This application note presents the features and benefits of the UltraController-II along with a brief overview of the tutorial applications included with the design. The accompanying tutorials and reference designs include VHDL, Verilog, and example C-code applications with step-by-step procedures. Performance characteristics and how to field an UltraController-II system using Xilinx configuration solutions are also provided.

Introduction

The UltraController-II reference design is a black-box processing engine that includes 32 bits of user-defined general purpose input and output as well as interrupt handling capability. UltraController-II applications are developed within the 16 KB instruction-side and 16 KB data-side cache memory of the PPC405 core. Users developing embedded designs that require PLB and OPB bus resources are directed to the Xilinx Platform Studio (XPS) toolset for creating expandable processor designs that leverage the full set of IP and software drivers offered by Xilinx (see http://www.xilinx.com/edk).

![UltraController-II Block Diagram](image)

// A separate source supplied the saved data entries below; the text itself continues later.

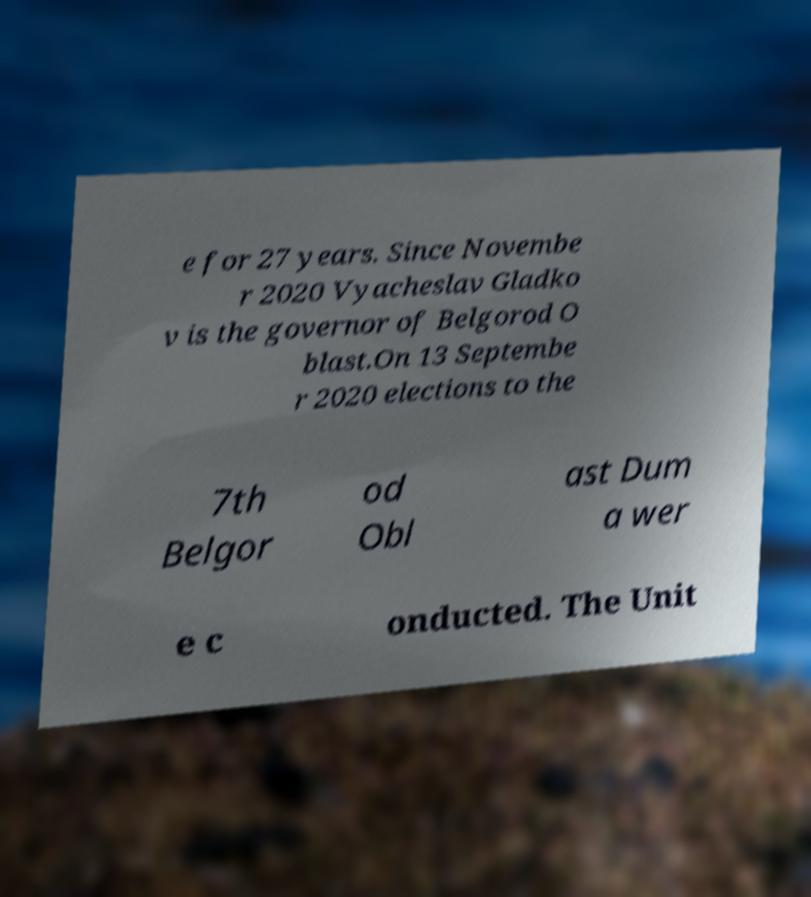I need the written content from this picture converted into text. Can you do that? e for 27 years. Since Novembe r 2020 Vyacheslav Gladko v is the governor of Belgorod O blast.On 13 Septembe r 2020 elections to the 7th Belgor od Obl ast Dum a wer e c onducted. The Unit 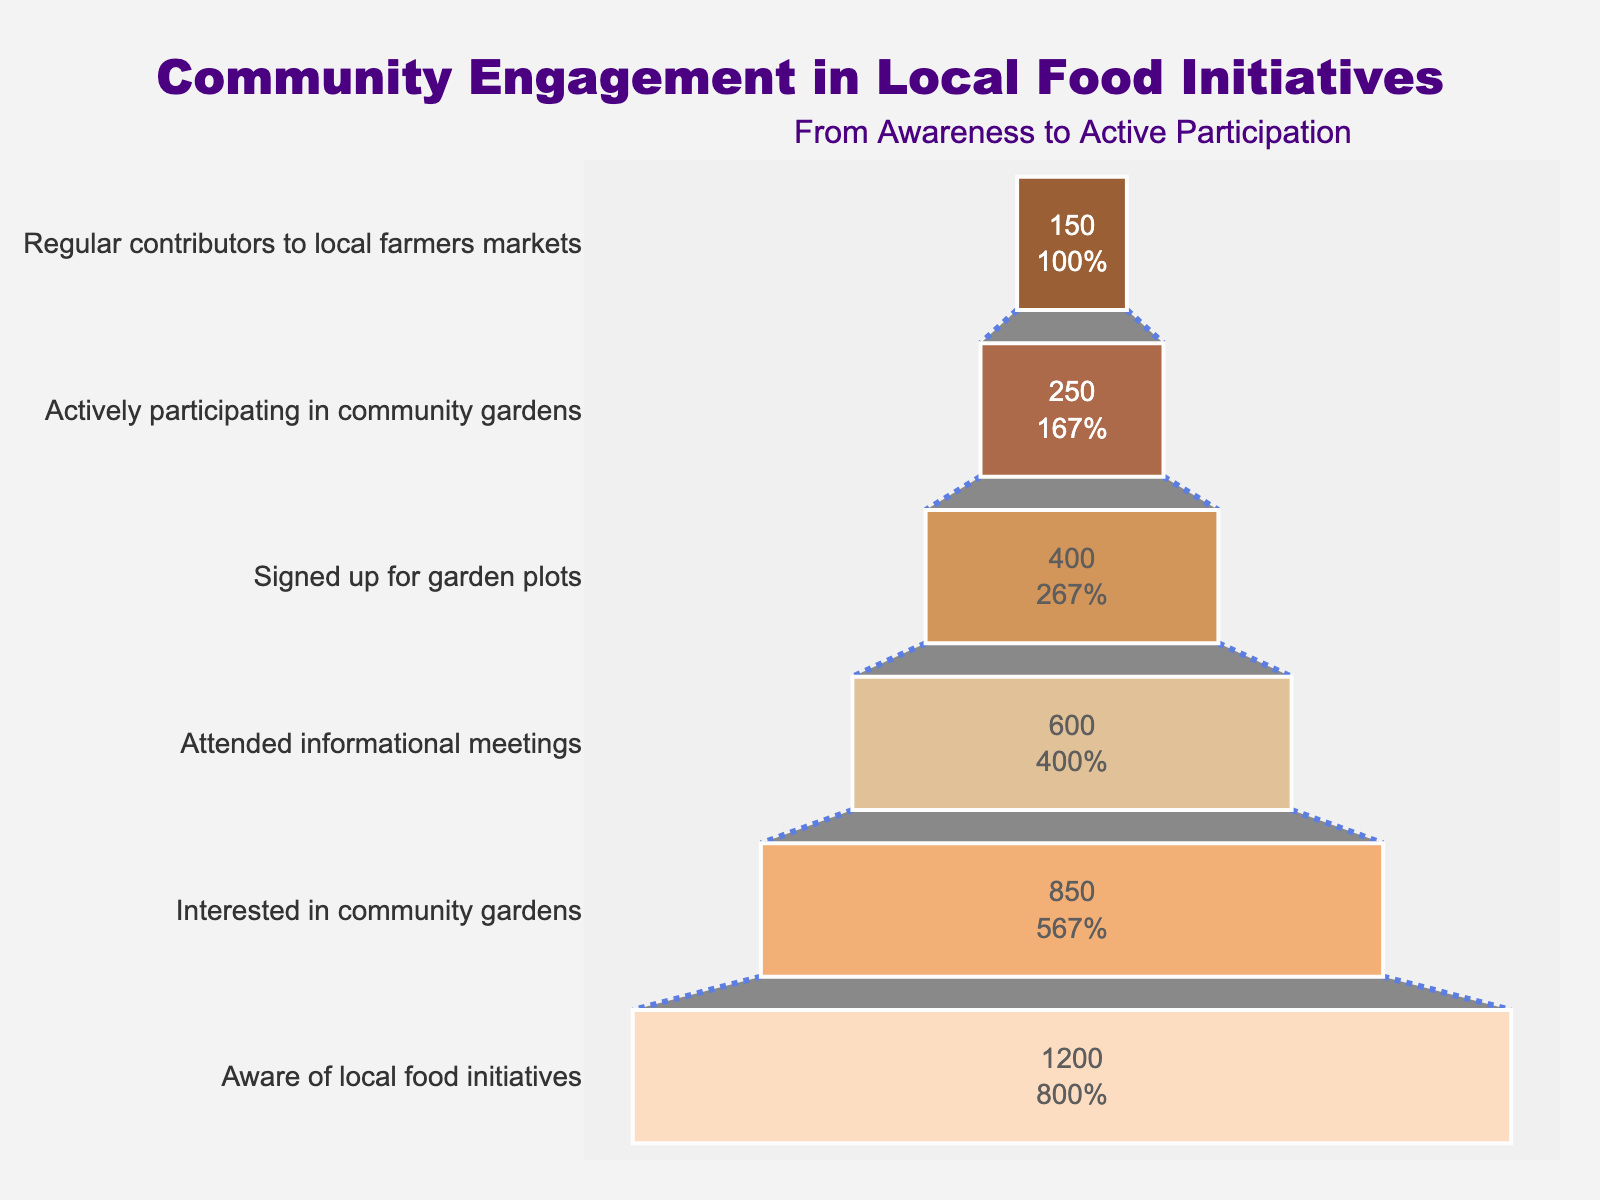What's the title of the funnel chart? The title of the funnel chart is located at the top and describes the chart's main subject.
Answer: Community Engagement in Local Food Initiatives How many residents are actively participating in community gardens? The active participation stage in community gardens is labeled in the funnel chart, showing the number of residents involved.
Answer: 250 Which stage has the highest number of residents? By analyzing the bars in the funnel chart, the stage with the widest bar at the bottom indicates the highest number of residents.
Answer: Aware of local food initiatives What percentage of residents who are aware of local food initiatives are actively participating in community gardens? To find the percentage, divide the number of residents actively participating in community gardens by those aware and multiply by 100: (250/1200) * 100
Answer: 20.83% Compare the interest in community gardens to active participation. How many fewer residents are there in active participation compared to those interested? Subtract the number of residents actively participating from those interested in community gardens: 850 - 250
Answer: 600 How has the number of residents changed from attending informational meetings to signing up for garden plots? Calculate the difference between the residents attending informational meetings and those who signed up for garden plots: 600 - 400
Answer: 200 What is the primary color used for the 'Aware of local food initiatives' stage in the funnel chart? Each stage in the funnel chart has a distinct color; observe the color for the specific stage.
Answer: Peach (light orange) What percentage of residents who signed up for garden plots are regular contributors to local farmers markets? To determine the percentage, divide the number of regular contributors by those who signed up for garden plots and multiply by 100: (150/400) * 100
Answer: 37.5% Which two stages have exactly 200 resident difference? Compare the listed numbers of residents between different stages to identify pairs with a 200 resident difference.
Answer: Attended informational meetings and signed up for garden plots What percentage of the initial group aware of local food initiatives attended informational meetings? Divide the number of those who attended informational meetings by the initial group aware and multiply by 100: (600/1200) * 100
Answer: 50%

Figure 1: Black-Box View of UltraController-II
Features

- Scalable CPU clock
  - Up to 450 MHz in a Virtex-4 FX -12 speed grade device
    - See DS112 and DS302 for information about Virtex-4 devices
  - Up to 400 MHz in a Virtex-II Pro -7 speed grade device
    - See DS083 for information about Virtex-II Pro devices
- Integrated cache-based program store
  - 16 KB I-side
  - 16 KB D-side
- No block RAMs used
- 32-bit output
- 32-bit input
- External user interrupt line (EXT)
- Programmable interval timer (PIT)
- Fixed interval timer (FIT)
- Watchdog timer (WDT)

Benefits

- Processing power is determined by program execution speed. UltraController-II can be clocked at the maximum PPC405 input clock frequency, which far exceeds any soft-core processor implementation
- Program instruction and data access speeds are maximized by using the integrated caches
- A minimal footprint processing engine frees up FPGA logic and block RAM (BRAM) resources
- 32-bit output and 32-bit input ports can interface with logic internal or external to the FPGA
- An external interrupt line allows UltraController-II applications to perform high-speed, base-level computation and handle time-critical events as they occur
- Timer resources (PIT and FIT) are available for commonly implemented embedded solutions for:
  - Time-of-day computation
  - Data-logging for system-service routines
  - Periodic servicing of time-sensitive external devices
- A watchdog timer (WDT) is available to monitor system sanity and recover from upsets by issuing a system reset
Quick Start

The most current UltraController-II reference design, along with highly visual and detailed step-by-step presentations on running the quick-start tutorials, are available at http://www.xilinx.com/ultracontroller. This section provides a brief overview of the tutorials as run on a Memec Virtex-4 FX LC UltraController-II development platform. The reference design includes an ISE project for implementing the hardware design and an EDK project for building the software applications. The ISE project consists of an example top-level design that instantiates and connects an UltraController-II module. Implementation of the ISE project produces a common bitstream for use across multiple software applications, and highlights the features of UltraController-II. Benefits of the hardware and software separation within the UltraController-II design are covered in the “UltraController-II Internals” section.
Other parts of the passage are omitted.